- Tamim Bayoumi, Guy Meredith, and Bijan Aghevli
- Published Date:
- June 1998
Koichi Hamada focused his discussion on the degree to which the research paper took account of intertemporal factors. He noted that modern analysis of the current account looked on it as an intertemporal phenomenon. While he acknowledged that the paper formally took such intertemporal issues into account by its inclusion of the real interest rate, he continued to have the feeling that the analytic framework was somewhat static. To his taste, the analysis seemed to be somewhat old-fashioned—more like the undergraduate textbook of Dornbusch and Fischer than the more advanced analysis in Blanchard and Fischer. The dynamics, if any, in the model were unstructured. The analysis must be clear on whether the path is a long-run intertemporal consumption choice or a short-run adjustment path with sticky prices, as in the Dornbusch overshooting model. To illustrate his concerns, Hamada mentioned that the simulations using alternative fiscal policies should depend on the assumed degree of Ricardian equivalence. For example, in the extreme case of complete Ricardian equivalence, tax policies would not matter for the results. He would also have preferred to have seen more time-series econometric work, and more discussion of the role of Balassa-Samuelson effects (i.e., the behavior of relative productivities across sectors and countries), both for past and future projections. Finally, he wondered what was the significance of long-range projections and what the implications of the analysis were for exchange rate policies.
Kazuo Ueda noted that the research paper for the session was broad-ranging, involving discussions of stylized facts, the manner in which the IMF’s World Economic Outlook forecasts are constructed, and at least two approaches to the equilibrium exchange rate—one using a reduced form and the other a large econometric model. His own discussion would focus upon the results from the model. He had several concerns about the analysis, mainly related to the dynamic properties of MULTIMOD, the econometric model used in the simulations. The first concern was that the results were clearly dependent upon the policy reaction functions incorporated in the model, and, in particular, given that the model incorporated sticky prices, they depended upon the monetary policy responses that were being assumed. There was also the issue of whether private sector behavior was more forward-looking than was assumed in the model. This was a particular concern, in his view, in the case of private consumption, which was often modeled in a more static manner than it appeared to actually exhibit, Ueda also noted that the analysis assumed a continuation into the future of the trend appreciation of the yen, due to Balassa-Samuelson effects.
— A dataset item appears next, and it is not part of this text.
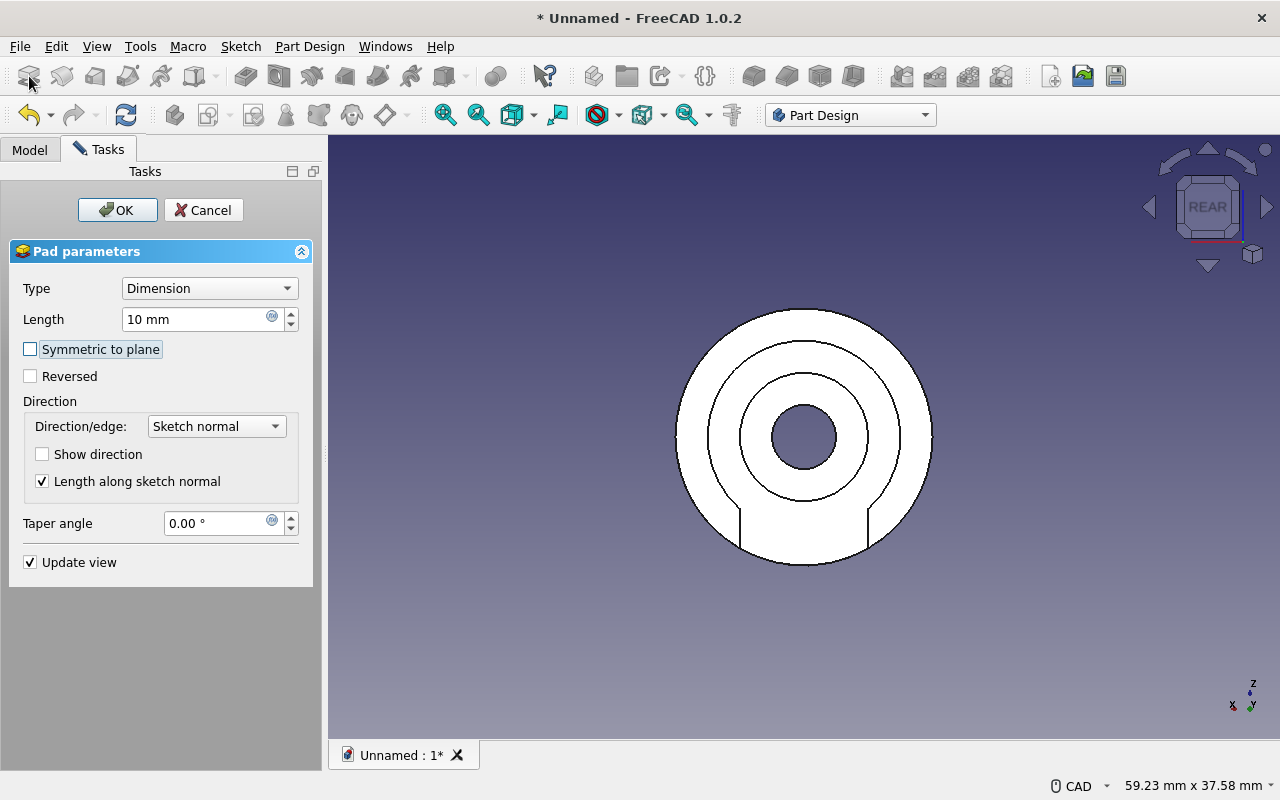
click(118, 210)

Given that the yen was significantly above the level implied by purchasing power parity, however, it was equally reasonable to expect that this trend appreciation would be reversed at some point in the future. Ueda also wondered if the issue of the equilibrium value of the yen could not be approached in a simpler fashion. In particular, given that relative export prices showed no trend over the long term, he wondered if the theory of purchasing power parity could not be applied to this variable. Finally, on the issue of the failure of uncovered interest parity to hold over the past, he noted that recent survey evidence implied that it may have been due to a risk premium.
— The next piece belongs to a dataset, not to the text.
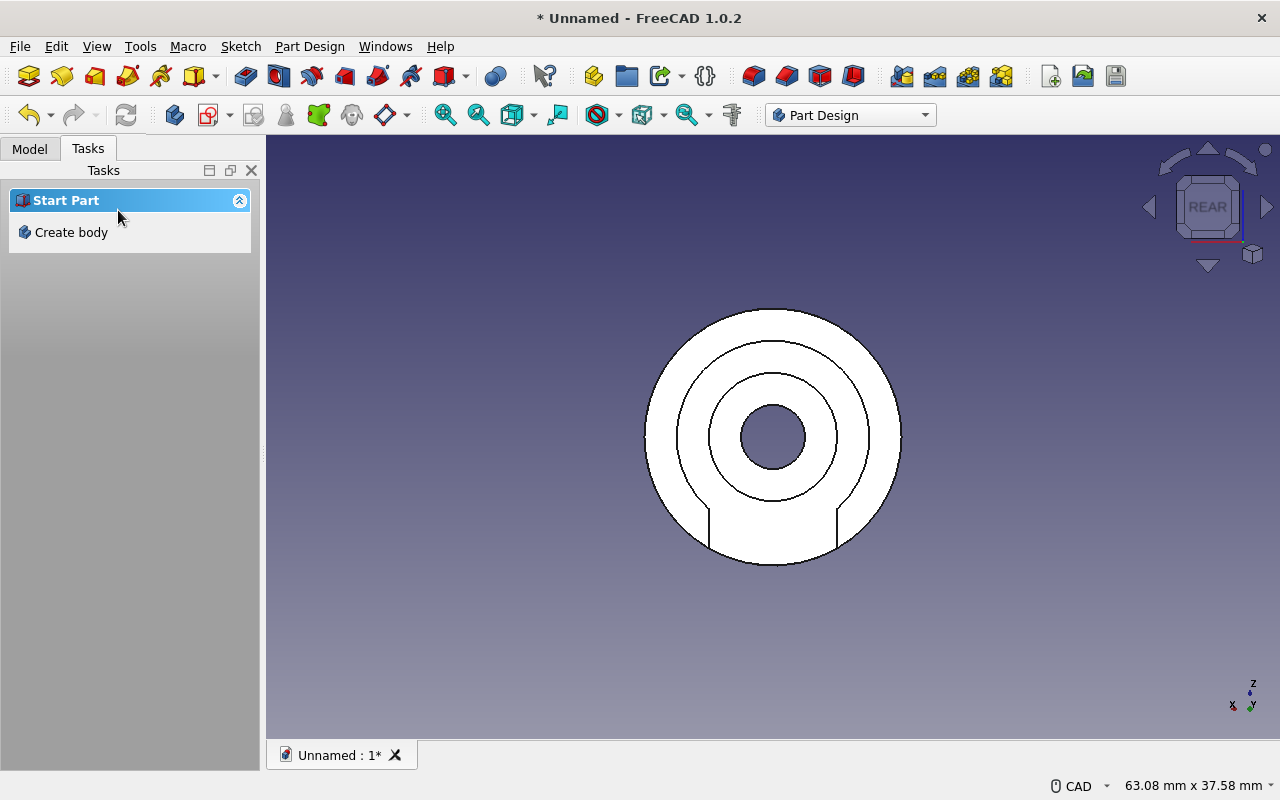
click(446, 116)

Several participants contributed to the general discussion. Joseph Gagnon pointed to recent work linking trends in real exchange rates to movements in net foreign asset positions, and noted that this would imply a continued appreciation of the yen, regardless of Balassa-Samuelson effects. Masahiro Kawai was surprised that the paper made no mention of the work of John Williamson, who had championed the macroeconomic balance approach (which formed the basis for the analysis) over an extended period. Ralph Bryant agreed that the approach had much in common with that taken by John Williamson, but noted that the current paper included several important new insights. In particular, the framework emphasized that government policies were endogenous to the results, and hence that any given assessment of the exchange rate had to be predicated on a particular set of assumptions about future policies. Given this, he felt that more discussion could have been devoted to the monetary and fiscal reaction functions used in the analysis.
In addition, this also made it important to understand the assumptions being made about private sector responses to such policies more fully, such as the level of Ricardian equivalence and the existence of a risk premium in the uncovered interest parity relationship. He and Steven Symansky both felt strongly, however, that MULTIMOD did include most of the dynamic mechanisms discussed in the literature, and hence felt that the analysis was sufficiently intertemporal. Finally, Masaru Yoshitomi emphasized the increasing role of services in overall trade, which could make future projections of the trade balance particularly difficult.